Das Geheimnis des Buchstabenwirrwarrs
Je geübter ein Menschen im Lesen ist, desto weniger wird er Wörter Buchstabe für Buchstabe lesen. Vielmehr nimmt er das Wort als Einheit war und versteht dessen Bedeutung. Deshalb ist es für ihn auch nicht schwer, Sätze zu verstehen, in denen die einzelnen Buchstaben der Wörter durcheinander sind. Wichtig ist nur, dass die Anfangs- und Endbuchstaben an der richtigen Stelle sind. Das Gehirn verbindet das Buchstabenwirrwarr dann automatisch zu einem Wort, welches ihm vertraut ist. In der Psychologie kann in diesem Zusammenhang auch von der Apophänie gesprochen werden. Das Gehirn nimmt folglich Bedeutungen war, die in dieser Form real nicht existieren. Ähnlich verhält es sich bei der Befragung von Zeugen.

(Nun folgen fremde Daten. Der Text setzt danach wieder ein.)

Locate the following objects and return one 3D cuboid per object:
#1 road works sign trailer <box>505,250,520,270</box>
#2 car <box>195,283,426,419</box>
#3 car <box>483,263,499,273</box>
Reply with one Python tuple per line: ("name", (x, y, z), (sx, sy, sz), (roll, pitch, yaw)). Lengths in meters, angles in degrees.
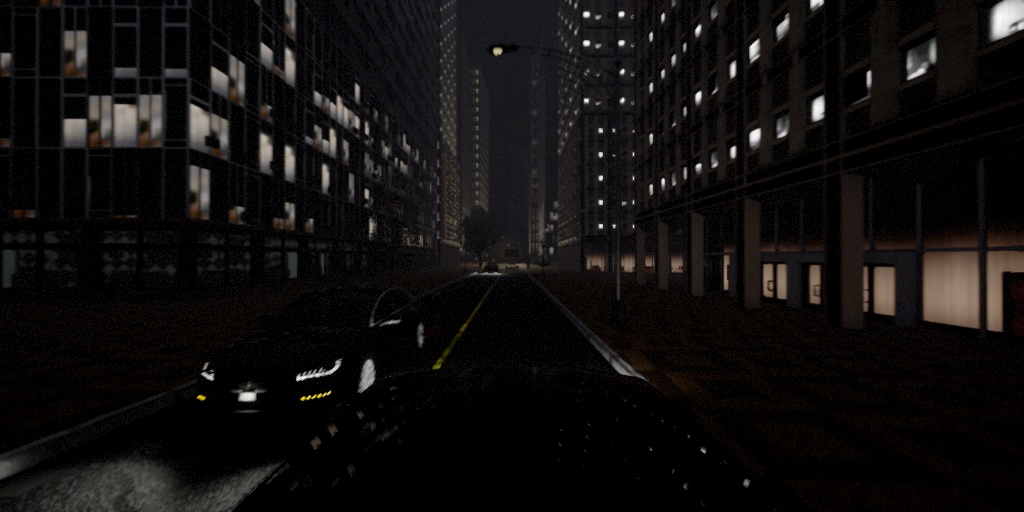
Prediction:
("road works sign trailer", (-0.009, 0.620, 62.628), (2.380, 3.560, 2.880), (0, 0, 0))
("car", (-2.851, 1.279, 6.295), (1.837, 1.490, 4.892), (0, 0, 0))
("car", (-2.825, 1.620, 49.475), (1.994, 1.385, 4.181), (0, -1, 0))
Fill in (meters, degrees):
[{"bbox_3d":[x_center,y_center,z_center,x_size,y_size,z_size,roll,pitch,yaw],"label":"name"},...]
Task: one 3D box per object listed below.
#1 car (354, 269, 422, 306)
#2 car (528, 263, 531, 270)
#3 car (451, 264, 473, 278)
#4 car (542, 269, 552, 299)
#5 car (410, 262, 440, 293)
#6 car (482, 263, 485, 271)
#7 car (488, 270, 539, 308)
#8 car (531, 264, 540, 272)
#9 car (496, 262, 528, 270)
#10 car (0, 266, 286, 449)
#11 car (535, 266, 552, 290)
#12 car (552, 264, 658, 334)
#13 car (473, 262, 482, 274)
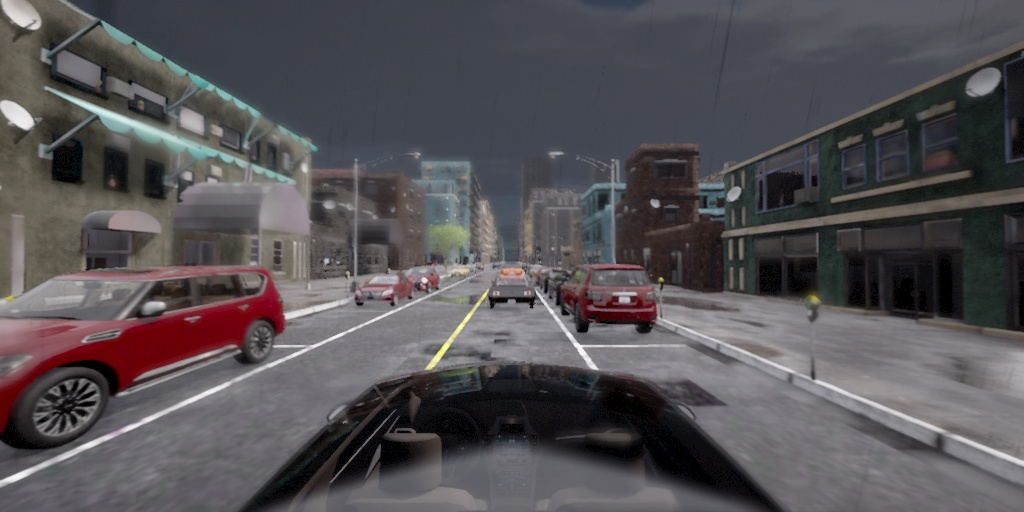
[{"bbox_3d":[-5.693,1.473,16.506,1.802,1.307,4.207,0,0,0],"label":"car"},{"bbox_3d":[2.742,1.627,38.503,1.751,1.417,4.829,0,0,0],"label":"car"},{"bbox_3d":[-5.769,1.646,40.113,1.751,1.417,4.829,0,0,0],"label":"car"},{"bbox_3d":[2.687,1.457,16.507,1.948,1.339,4.313,0,0,0],"label":"car"},{"bbox_3d":[-5.694,1.384,22.039,1.967,1.591,4.097,0,0,0],"label":"car"},{"bbox_3d":[-5.836,1.778,62.166,1.967,1.591,4.097,0,0,0],"label":"car"},{"bbox_3d":[-0.002,1.487,15.966,1.895,1.301,4.718,0,-1,0],"label":"car"},{"bbox_3d":[2.692,1.540,27.267,1.888,1.381,4.507,0,0,0],"label":"car"},{"bbox_3d":[-0.006,1.380,30.937,2.097,1.767,4.553,0,-1,0],"label":"car"},{"bbox_3d":[-5.690,1.100,5.441,2.192,1.841,5.009,0,0,0],"label":"car"},{"bbox_3d":[2.686,1.510,22.040,1.948,1.339,4.313,0,0,0],"label":"car"},{"bbox_3d":[2.689,1.153,10.975,2.192,1.841,5.009,0,0,0],"label":"car"},{"bbox_3d":[-5.826,1.780,51.348,2.007,1.370,4.403,0,0,0],"label":"car"}]
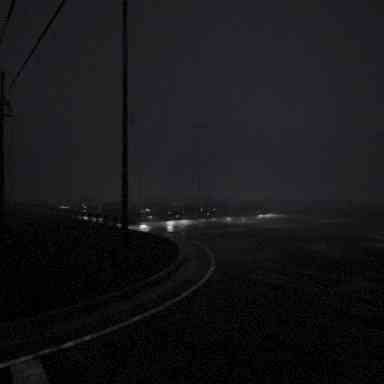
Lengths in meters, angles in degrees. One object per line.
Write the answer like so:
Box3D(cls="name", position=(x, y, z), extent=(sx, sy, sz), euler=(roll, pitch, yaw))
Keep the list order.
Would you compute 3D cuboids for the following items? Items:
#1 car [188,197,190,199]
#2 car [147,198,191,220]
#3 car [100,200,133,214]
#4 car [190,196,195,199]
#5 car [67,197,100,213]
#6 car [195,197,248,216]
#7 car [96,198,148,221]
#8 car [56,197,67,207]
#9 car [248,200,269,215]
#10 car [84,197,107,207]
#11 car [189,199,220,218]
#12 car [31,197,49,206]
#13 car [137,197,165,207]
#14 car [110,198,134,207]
Box3D(cls="car", position=(-2.650, 1.534, 40.530), extent=(1.812, 1.442, 4.674), euler=(0, 0, -36))
Box3D(cls="car", position=(-2.692, 1.553, 28.637), extent=(2.033, 1.411, 5.357), euler=(0, 0, -36))
Box3D(cls="car", position=(-8.319, 1.606, 36.420), extent=(1.895, 1.301, 4.718), euler=(0, 0, -36))
Box3D(cls="car", position=(0.990, 1.361, 41.471), extent=(2.097, 1.767, 4.553), euler=(0, 0, -36))
Box3D(cls="car", position=(-10.738, 1.358, 33.793), extent=(2.097, 1.767, 4.553), euler=(0, 0, -36))
Box3D(cls="car", position=(2.799, 1.486, 32.995), extent=(1.882, 1.535, 5.008), euler=(0, 0, -36))
Box3D(cls="car", position=(-5.747, 1.482, 26.890), extent=(1.882, 1.535, 5.008), euler=(0, 0, -36))
Box3D(cls="car", position=(-20.265, 1.553, 53.013), extent=(2.033, 1.411, 5.357), euler=(0, 0, -35))
Box3D(cls="car", position=(5.925, 1.573, 34.646), extent=(1.994, 1.385, 4.181), euler=(0, 0, -36))
Box3D(cls="car", position=(-15.021, 1.514, 51.696), extent=(1.837, 1.490, 4.892), euler=(0, 0, -36))
Box3D(cls="car", position=(0.130, 1.608, 30.711), extent=(1.895, 1.301, 4.718), euler=(0, 0, -36))
Box3D(cls="car", position=(-23.983, 1.552, 52.207), extent=(2.033, 1.411, 5.357), euler=(0, 0, -35))
Box3D(cls="car", position=(-6.439, 1.500, 51.761), extent=(2.128, 1.511, 4.902), euler=(0, 0, -36))
Box3D(cls="car", position=(-10.995, 1.609, 52.095), extent=(1.895, 1.301, 4.718), euler=(0, 0, -36))
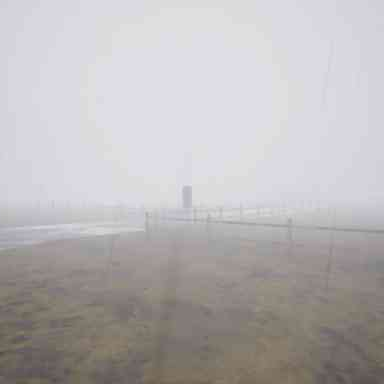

Jedoch besitzt nicht jeder Mensch gleichermaßen die Fähigkeit, aus zusammengewürfelten Buchstaben sinnvolle Wörter zu bilden. Denn die Lesekompetenz hängt ebenso von dem inhaltlichen Kontext des Textes, der jeweiligen Wortlänge und der Kenntnis der Wortbedeutung ab. Einem Mediziner wird es also deutlich leichter fallen, einen Fachtext über Aneurysmen zu lesen als einem Anwalt oder einem Architekten. Zugleich ist wissenschaftlich bewiesen, dass Menschen mit einer höheren Lese-Rechtschreibkompetenz dazu neigen, ihre eigenen Fehler seltener wahrzunehmen. Da sie das Wort als sprachliche Einheit sehen, sind für sie beispielsweise Buchstabendreher quasi unsichtbar.